Data entries:
Content starts
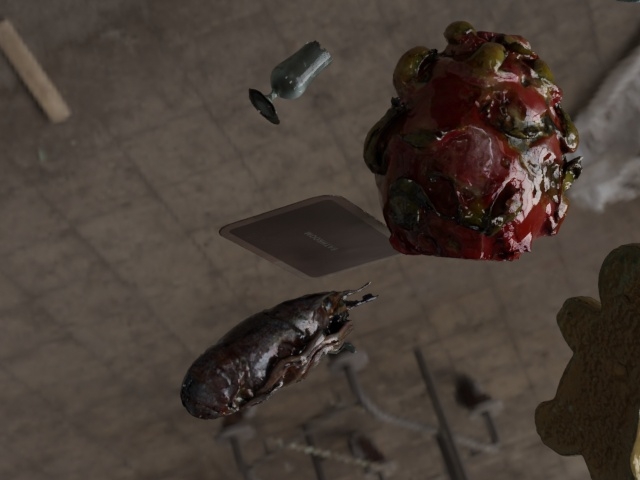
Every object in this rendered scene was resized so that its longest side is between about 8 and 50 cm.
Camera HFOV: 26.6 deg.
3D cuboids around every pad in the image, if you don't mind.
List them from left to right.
[{"bbox_3d":[0.000,0.000,1.760,0.176,0.002,0.266,-17,157,23],"label":"pad"}]

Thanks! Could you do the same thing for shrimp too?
[{"bbox_3d":[-0.027,0.082,1.060,0.190,0.075,0.073,-34,144,-31],"label":"shrimp"}]

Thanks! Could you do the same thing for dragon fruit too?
[{"bbox_3d":[0.181,-0.121,1.664,0.250,0.291,0.269,12,-168,36],"label":"dragon fruit"}]

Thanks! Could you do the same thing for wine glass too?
[{"bbox_3d":[-0.025,-0.147,1.249,0.083,0.042,0.039,-44,178,-22],"label":"wine glass"}]

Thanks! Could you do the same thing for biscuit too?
[{"bbox_3d":[0.253,0.107,1.138,0.030,0.153,0.234,-13,124,-33],"label":"biscuit"}]

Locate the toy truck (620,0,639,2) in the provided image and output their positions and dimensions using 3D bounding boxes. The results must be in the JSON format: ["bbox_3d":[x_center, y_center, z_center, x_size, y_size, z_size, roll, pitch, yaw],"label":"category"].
[{"bbox_3d":[0.218,-0.314,1.006,0.136,0.162,0.305,-52,138,-11],"label":"toy truck"}]
Content ends
• BRIEF
From the first line to the last, retype the data above exactly, but not its images.

• RESPONSE TO THIS TASK
Every object in this rendered scene was resized so that its longest side is between about 8 and 50 cm.
Camera HFOV: 26.6 deg.
3D cuboids around every pad in the image, if you don't mind.
List them from left to right.
[{"bbox_3d":[0.000,0.000,1.760,0.176,0.002,0.266,-17,157,23],"label":"pad"}]

Thanks! Could you do the same thing for shrimp too?
[{"bbox_3d":[-0.027,0.082,1.060,0.190,0.075,0.073,-34,144,-31],"label":"shrimp"}]

Thanks! Could you do the same thing for dragon fruit too?
[{"bbox_3d":[0.181,-0.121,1.664,0.250,0.291,0.269,12,-168,36],"label":"dragon fruit"}]

Thanks! Could you do the same thing for wine glass too?
[{"bbox_3d":[-0.025,-0.147,1.249,0.083,0.042,0.039,-44,178,-22],"label":"wine glass"}]

Thanks! Could you do the same thing for biscuit too?
[{"bbox_3d":[0.253,0.107,1.138,0.030,0.153,0.234,-13,124,-33],"label":"biscuit"}]

Locate the toy truck (620,0,639,2) in the provided image and output their positions and dimensions using 3D bounding boxes. The results must be in the JSON format: ["bbox_3d":[x_center, y_center, z_center, x_size, y_size, z_size, roll, pitch, yaw],"label":"category"].
[{"bbox_3d":[0.218,-0.314,1.006,0.136,0.162,0.305,-52,138,-11],"label":"toy truck"}]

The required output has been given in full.